Uganda is a low-income country with excellent potential for growth. It is endowed with significant natural resources, including ample fertile land, regular rainfall, and mineral deposits.

Chronic political instability and erratic economic management since the implementation of self-rule has produced a record of persistent economic decline that has left Uganda among of the world's poorest and least-developed countries. The national energy needs have historically exceeded the domestic energy generation, though large petroleum reserves have been found in the western region of the country.

After the turmoil of the Amin period, the country began a program of economic recovery in 1981 that received considerable foreign assistance. From mid-1984 onward, overly expansionist fiscal and monetary policies and the renewed outbreak of civil strife led to a setback in economic performance.

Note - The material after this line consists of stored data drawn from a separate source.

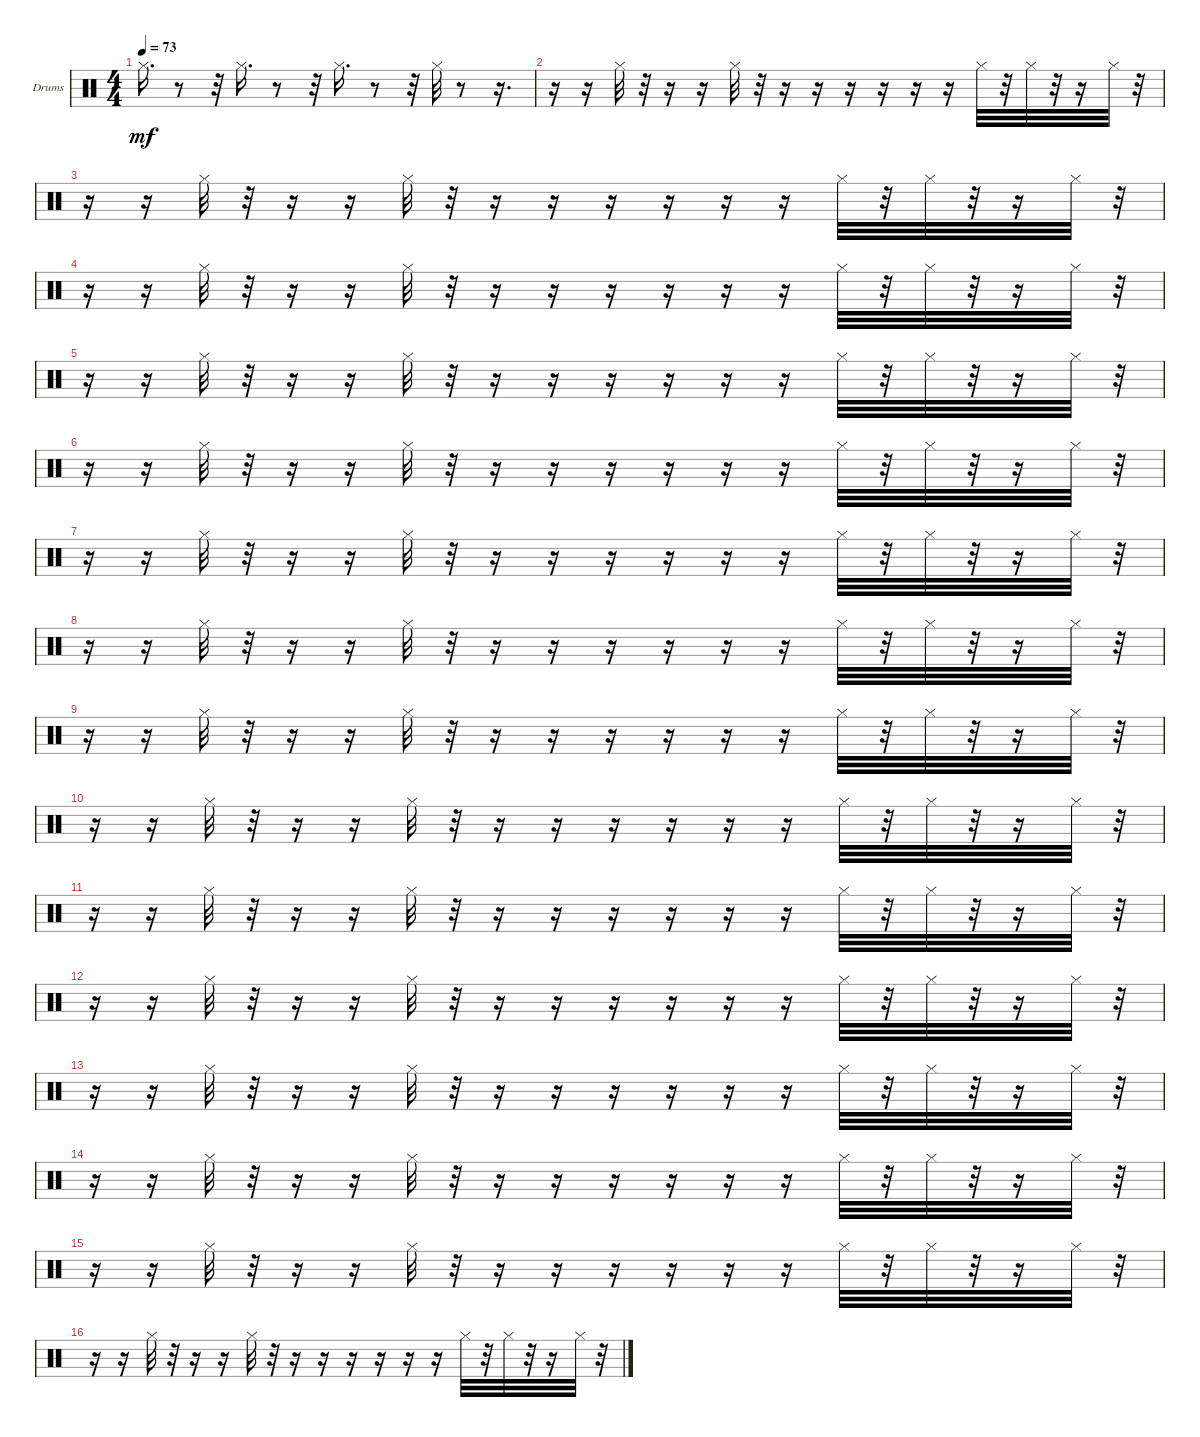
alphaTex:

\bracketExtendMode groupsimilarinstruments
\firstSystemTrackNameOrientation horizontal
\otherSystemsTrackNameOrientation horizontal
\track ("hi hat" "Drums") {instrument percussion}
\staff {score}
\articulation defaults
\ts (4 4)
\tempo 73
\clef neutral
\ks c "Hi-Hat (closed)".16{d dy mf}
r.8 r.32 "Hi-Hat (closed)".16{d} r.8 r.32 "Hi-Hat (closed)".16{d} r.8 r.32 "Hi-Hat (closed)".32 r.8 r.16{d} |
r.16 r.16 "Hi-Hat (closed)".32 r.32 r.16 r.16 "Hi-Hat (closed)".32 r.32 r.16 r.16 r.16 r.16 r.16 r.16 "Hi-Hat (closed)".32 r.32 "Hi-Hat (closed)".32 r.32 r.16 "Hi-Hat (closed)".32 r.32 |
r.16 r.16 "Hi-Hat (closed)".32 r.32 r.16 r.16 "Hi-Hat (closed)".32 r.32 r.16 r.16 r.16 r.16 r.16 r.16 "Hi-Hat (closed)".32 r.32 "Hi-Hat (closed)".32 r.32 r.16 "Hi-Hat (closed)".32 r.32 |
r.16 r.16 "Hi-Hat (closed)".32 r.32 r.16 r.16 "Hi-Hat (closed)".32 r.32 r.16 r.16 r.16 r.16 r.16 r.16 "Hi-Hat (closed)".32 r.32 "Hi-Hat (closed)".32 r.32 r.16 "Hi-Hat (closed)".32 r.32 |
r.16 r.16 "Hi-Hat (closed)".32 r.32 r.16 r.16 "Hi-Hat (closed)".32 r.32 r.16 r.16 r.16 r.16 r.16 r.16 "Hi-Hat (closed)".32 r.32 "Hi-Hat (closed)".32 r.32 r.16 "Hi-Hat (closed)".32 r.32 |
r.16 r.16 "Hi-Hat (closed)".32 r.32 r.16 r.16 "Hi-Hat (closed)".32 r.32 r.16 r.16 r.16 r.16 r.16 r.16 "Hi-Hat (closed)".32 r.32 "Hi-Hat (closed)".32 r.32 r.16 "Hi-Hat (closed)".32 r.32 |
r.16 r.16 "Hi-Hat (closed)".32 r.32 r.16 r.16 "Hi-Hat (closed)".32 r.32 r.16 r.16 r.16 r.16 r.16 r.16 "Hi-Hat (closed)".32 r.32 "Hi-Hat (closed)".32 r.32 r.16 "Hi-Hat (closed)".32 r.32 |
r.16 r.16 "Hi-Hat (closed)".32 r.32 r.16 r.16 "Hi-Hat (closed)".32 r.32 r.16 r.16 r.16 r.16 r.16 r.16 "Hi-Hat (closed)".32 r.32 "Hi-Hat (closed)".32 r.32 r.16 "Hi-Hat (closed)".32 r.32 |
r.16 r.16 "Hi-Hat (closed)".32 r.32 r.16 r.16 "Hi-Hat (closed)".32 r.32 r.16 r.16 r.16 r.16 r.16 r.16 "Hi-Hat (closed)".32 r.32 "Hi-Hat (closed)".32 r.32 r.16 "Hi-Hat (closed)".32 r.32 |
r.16 r.16 "Hi-Hat (closed)".32 r.32 r.16 r.16 "Hi-Hat (closed)".32 r.32 r.16 r.16 r.16 r.16 r.16 r.16 "Hi-Hat (closed)".32 r.32 "Hi-Hat (closed)".32 r.32 r.16 "Hi-Hat (closed)".32 r.32 |
r.16 r.16 "Hi-Hat (closed)".32 r.32 r.16 r.16 "Hi-Hat (closed)".32 r.32 r.16 r.16 r.16 r.16 r.16 r.16 "Hi-Hat (closed)".32 r.32 "Hi-Hat (closed)".32 r.32 r.16 "Hi-Hat (closed)".32 r.32 |
r.16 r.16 "Hi-Hat (closed)".32 r.32 r.16 r.16 "Hi-Hat (closed)".32 r.32 r.16 r.16 r.16 r.16 r.16 r.16 "Hi-Hat (closed)".32 r.32 "Hi-Hat (closed)".32 r.32 r.16 "Hi-Hat (closed)".32 r.32 |
r.16 r.16 "Hi-Hat (closed)".32 r.32 r.16 r.16 "Hi-Hat (closed)".32 r.32 r.16 r.16 r.16 r.16 r.16 r.16 "Hi-Hat (closed)".32 r.32 "Hi-Hat (closed)".32 r.32 r.16 "Hi-Hat (closed)".32 r.32 |
r.16 r.16 "Hi-Hat (closed)".32 r.32 r.16 r.16 "Hi-Hat (closed)".32 r.32 r.16 r.16 r.16 r.16 r.16 r.16 "Hi-Hat (closed)".32 r.32 "Hi-Hat (closed)".32 r.32 r.16 "Hi-Hat (closed)".32 r.32 |
r.16 r.16 "Hi-Hat (closed)".32 r.32 r.16 r.16 "Hi-Hat (closed)".32 r.32 r.16 r.16 r.16 r.16 r.16 r.16 "Hi-Hat (closed)".32 r.32 "Hi-Hat (closed)".32 r.32 r.16 "Hi-Hat (closed)".32 r.32 |
r.16 r.16 "Hi-Hat (closed)".32 r.32 r.16 r.16 "Hi-Hat (closed)".32 r.32 r.16 r.16 r.16 r.16 r.16 r.16 "Hi-Hat (closed)".32 r.32 "Hi-Hat (closed)".32 r.32 r.16 "Hi-Hat (closed)".32 r.32
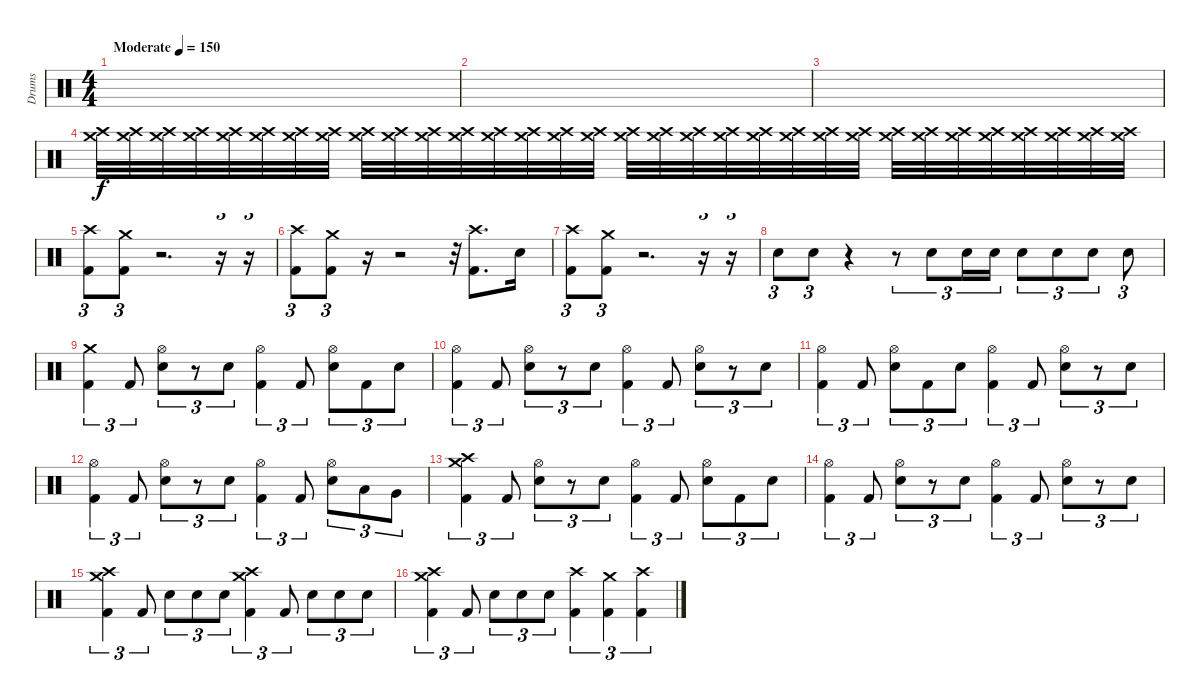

The economy has grown since the 1990s; real gross domestic product (GDP) grew at an average of 6.7% annually during the period 1990–2015, whereas real GDP per capita grew at 3.3% per annum during the same period. During this period, the Ugandan economy experienced economic transformation: the share of agriculture value added in GDP declined from 56% in 1990 to 24% in 2015; the share of industry grew from 11% to 20% (with manufacturing increasing at a slower pace, from 6% to 9% of GDP); and the share of services went from 32% to 55%.

==Currency==

Uganda began issuing its own currency in 1966 through the Bank of Uganda.

==Agriculture==

Agricultural products supply a significant portion of Uganda's foreign exchange earnings, with coffee alone, of which Uganda is Africa's second largest producer after Ethiopia, accounting for about 17% of the country's exports in 2017 and earning the country US$545 million. Exports of apparel, hides, skins, vanilla, vegetables, fruits, cut flowers, and fish are growing, while cotton, tea, and tobacco continue to be mainstays.

Uganda produced in 2018:

- 3.9 million tons of sugarcane
- 3.8 million tons of plantain (4th largest producer in the world, losing only to Congo, Ghana and Cameroon)
- 2.9 million tons of maize
- 2.6 million tons of cassava
- 1.5 million tons of sweet potato (7th largest producer in the world)
- 1.0 million tons of bean
- 1.0 million tons of vegetable
- 532 thousand tons of banana
- 360 thousand tons of onion
- 298 thousand tons of sorghum
- 260 thousand tons of rice
- 245 thousand tons of sunflower seed
- 242 thousand tons of peanut
- 211 thousand tons of coffee (10th largest producer in the world)
- 209 thousand tons of millet

In addition, there are smaller productions of other agricultural products, like cotton (87 thousand tons), tea (62 thousand tons), tobacco (35 thousand tons) and cocoa (27 thousand tons).

== Manufacturing ==
The Ugandan manufacturing sector is dominated by agro-processing, food and beverages, household products, construction materials and fast-moving consumer goods. Most firms are small and medium enterprises concentrated in Kampala and the Central Region. Most products manufactured in Uganda are aimed at domestic consumption, and exports are limited to the regional markets in East Africa, including Rwanda, Burundi, South Sudan, Democratic Republic of the Congo (DRC), and the regions of Kenya and Tanzania bordering Uganda.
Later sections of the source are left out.